It’s a natural response to gawk at disaster, smashed cars, burning houses, crime-scene tape going up by the flashing lights of police cars. As Thurgood Marshall said, “I love peace, but I adore a riot.” And it’s true, right up until the disaster is your own.
Getting Burned
I remember watching things burn.
Dad would wake us up to go see.
The California Fruit Market fire
cleared out the corner by the bridge,
then the Baptist Church burned ,
sparks flying up like prayers,
the roaring as the steeple fell.
Fires beautiful and fires terrible –
winter fires, a fairyland of icicles,
summer fires hot on the face like
midnight sun, red firelit steam
and smoke rising.
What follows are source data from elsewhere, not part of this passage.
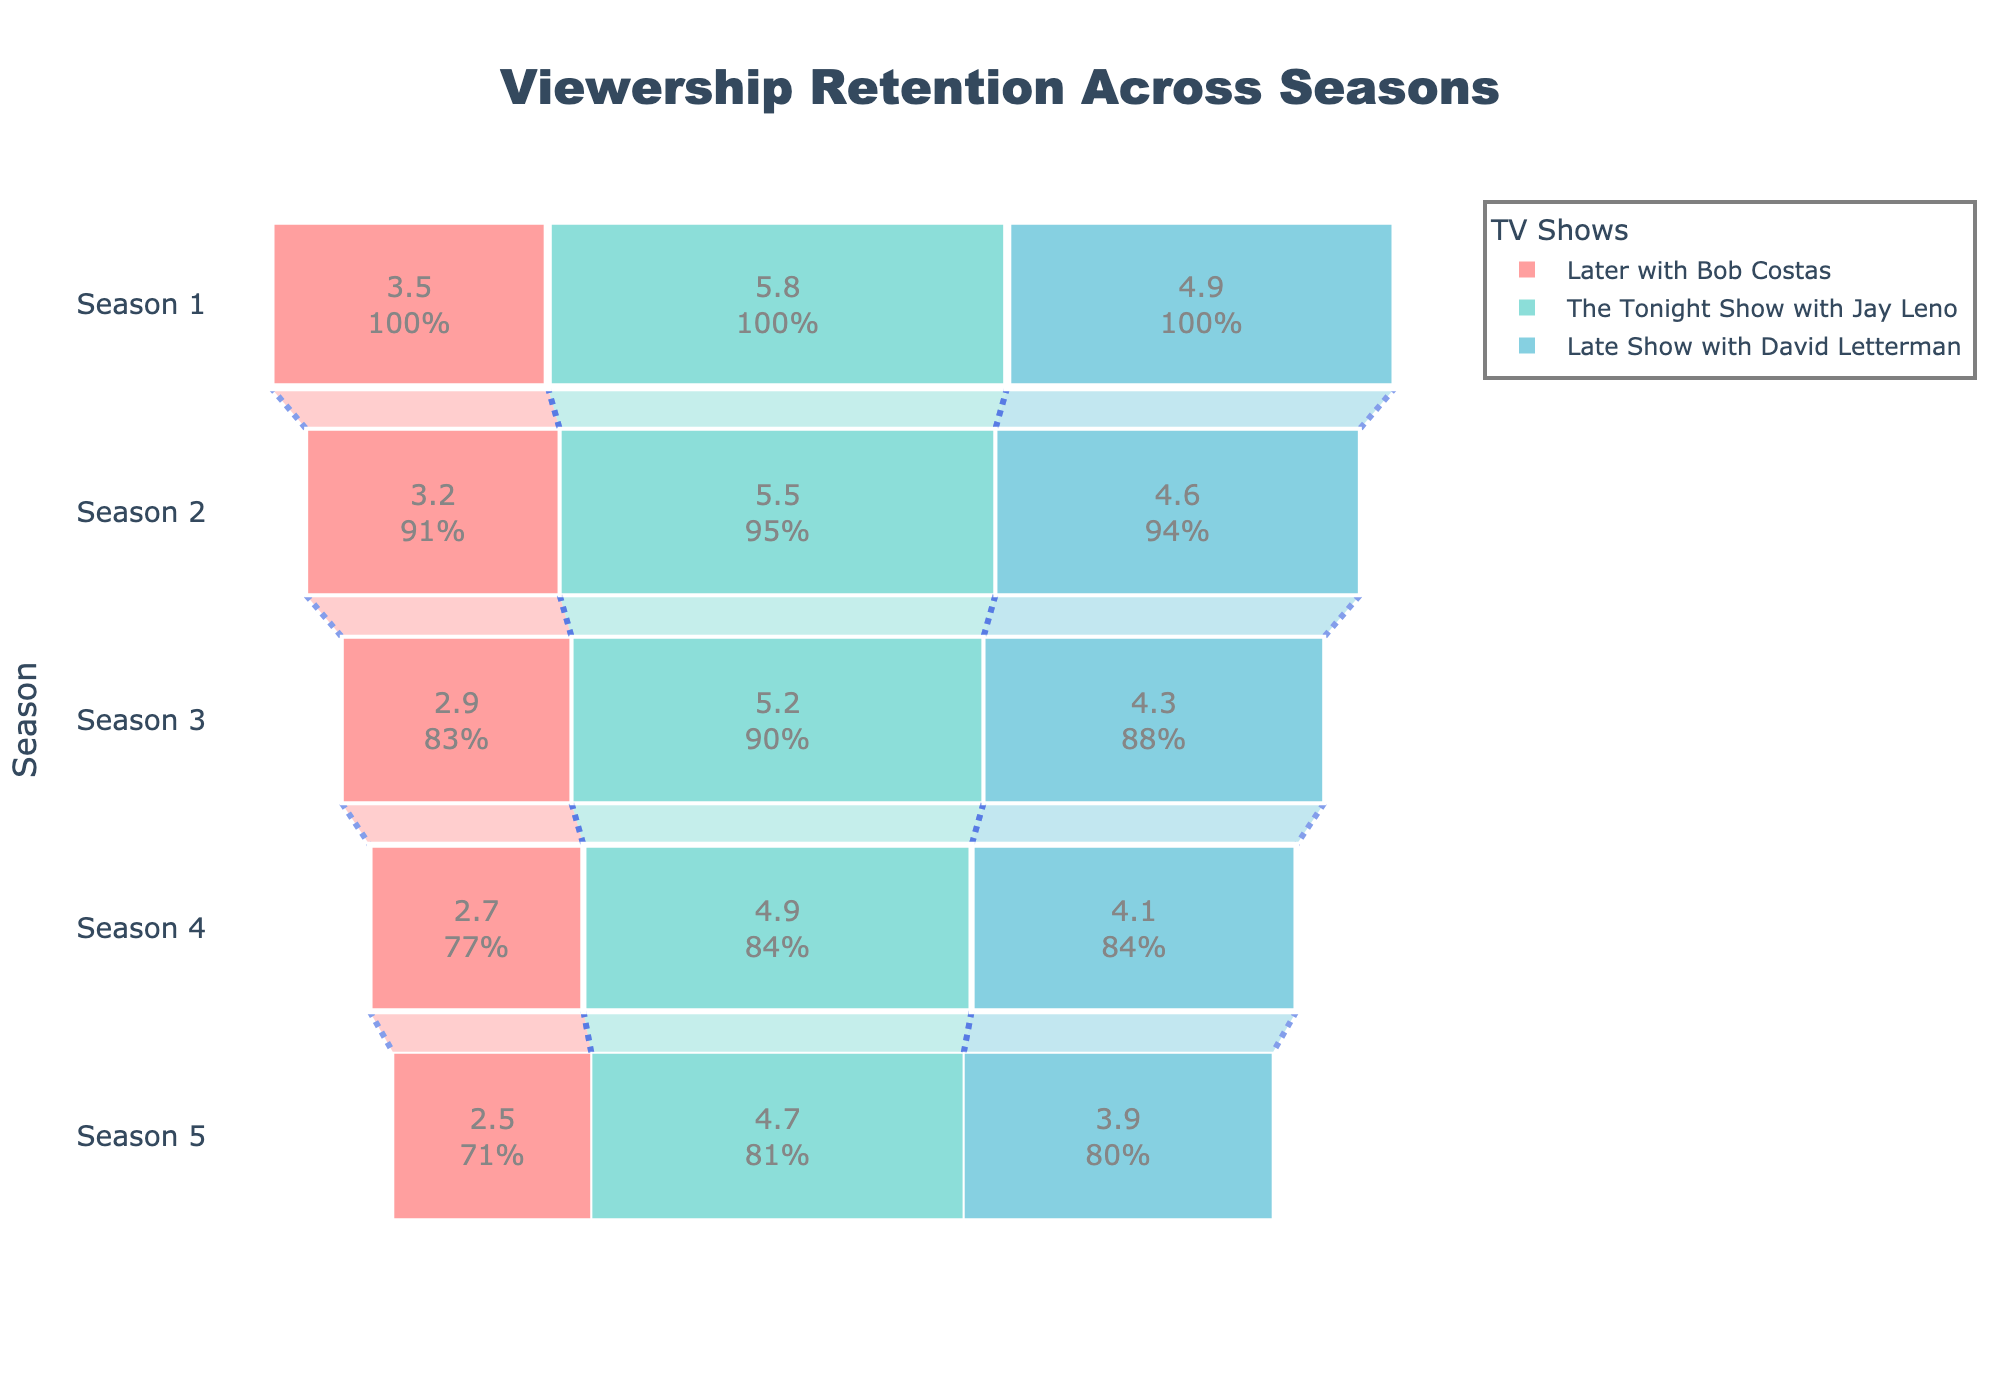How many seasons of "Later with Bob Costas" are depicted in the funnel chart? Count the number of unique seasons listed under "Later with Bob Costas".
Answer: 5 In which season did "The Tonight Show with Jay Leno" have the highest average viewers? Compare the average viewers across all seasons for "The Tonight Show with Jay Leno" and identify the highest value.
Answer: Season 1 What is the color representing "Late Show with David Letterman"? Identify the color used in the funnel chart for "Late Show with David Letterman".
Answer: Blue-green Between Season 3 and Season 5, how much did the average viewership decline for "Later with Bob Costas"? Subtract the average viewers of Season 5 from that of Season 3 for "Later with Bob Costas" (2.9 - 2.5).
Answer: 0.4 million Which show experienced the largest decline in viewership from Season 1 to Season 5? Calculate the decline for each show from Season 1 to Season 5 and determine the largest. ("Later with Bob Costas": 3.5 - 2.5, "The Tonight Show with Jay Leno": 5.8 - 4.7, "Late Show with David Letterman": 4.9 - 3.9)
Answer: The Tonight Show with Jay Leno How does the viewership retention pattern of "Later with Bob Costas" compare to "Late Show with David Letterman"? Review the decline in viewership for both shows across the seasons and compare them. Both shows have a consistent decline, but the amount of decline is different.
Answer: Consistent decline, with "Later with Bob Costas" having a smaller absolute decline compared to "Late Show with David Letterman" Which show maintained the highest average viewership in Season 4? Compare the average viewership for Season 4 across all shows and identify the highest value.
Answer: The Tonight Show with Jay Leno What is the initial viewership percentage retention from Season 1 to Season 2 for "Later with Bob Costas"? Calculate the viewership retention percentage for "Later with Bob Costas" from Season 1 to Season 2: (Season 2 viewership / Season 1 viewership) * 100. (3.2 / 3.5) * 100
Answer: 91.4% By how much did the average viewership differ between "Later with Bob Costas" and "The Tonight Show with Jay Leno" in Season 1? Subtract the average viewers of "Later with Bob Costas" from "The Tonight Show with Jay Leno" for Season 1 (5.8 - 3.5).
Answer: 2.3 million 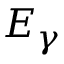<formula> <loc_0><loc_0><loc_500><loc_500>E _ { \gamma }</formula> 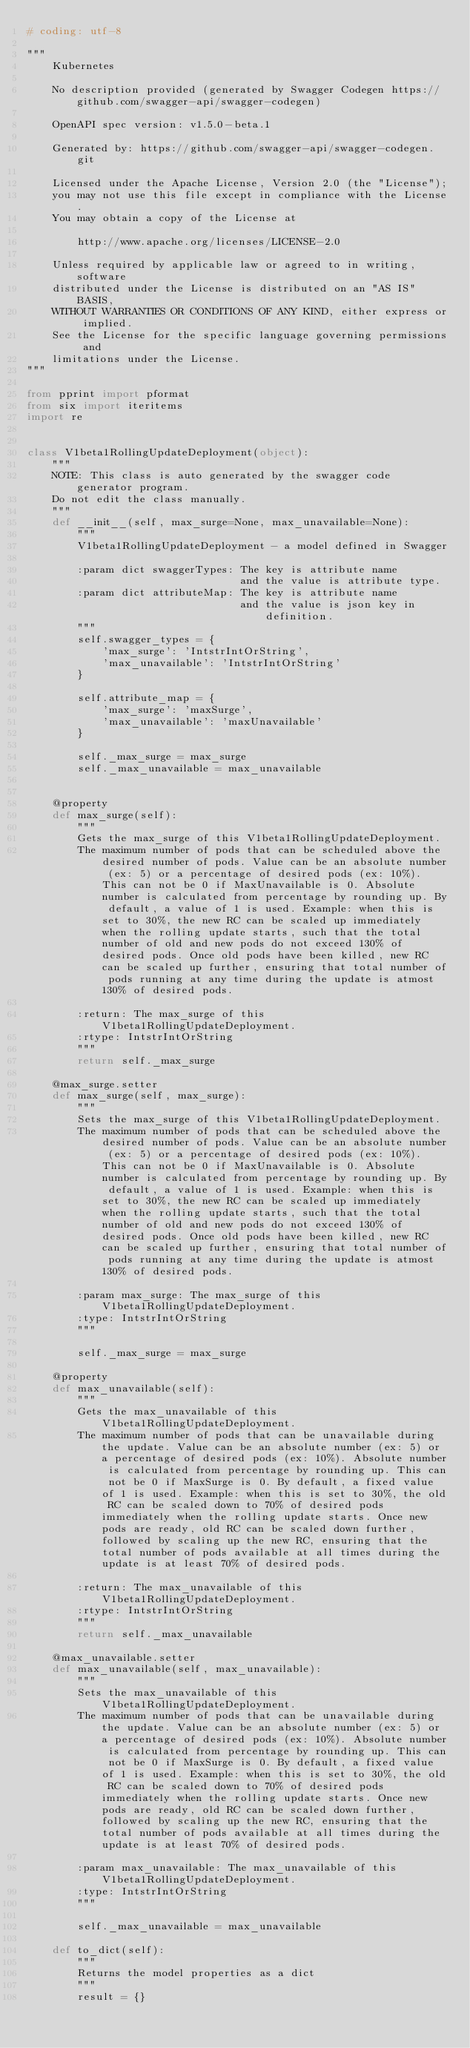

But then what
burned was mine: the phone said,
“Get to town. The printshop’s on fire.”
Having seen fire from the other side,
what I recall are smells, burned plastic,
charcoal, mildewed paper and cloth,
water rank with leached mortar lime.
I smell it still, opening a book saved
from the debris. It will never fade.
How loath I am to go back inside.
Note: unpublished draft
Wonder if Betsy covered that fire for the Courier?
Betsy May well have photographed this fire for the Courier. She started as a proofreader in 1976, promoted to part time reporter in 1977, and named editor in 1982.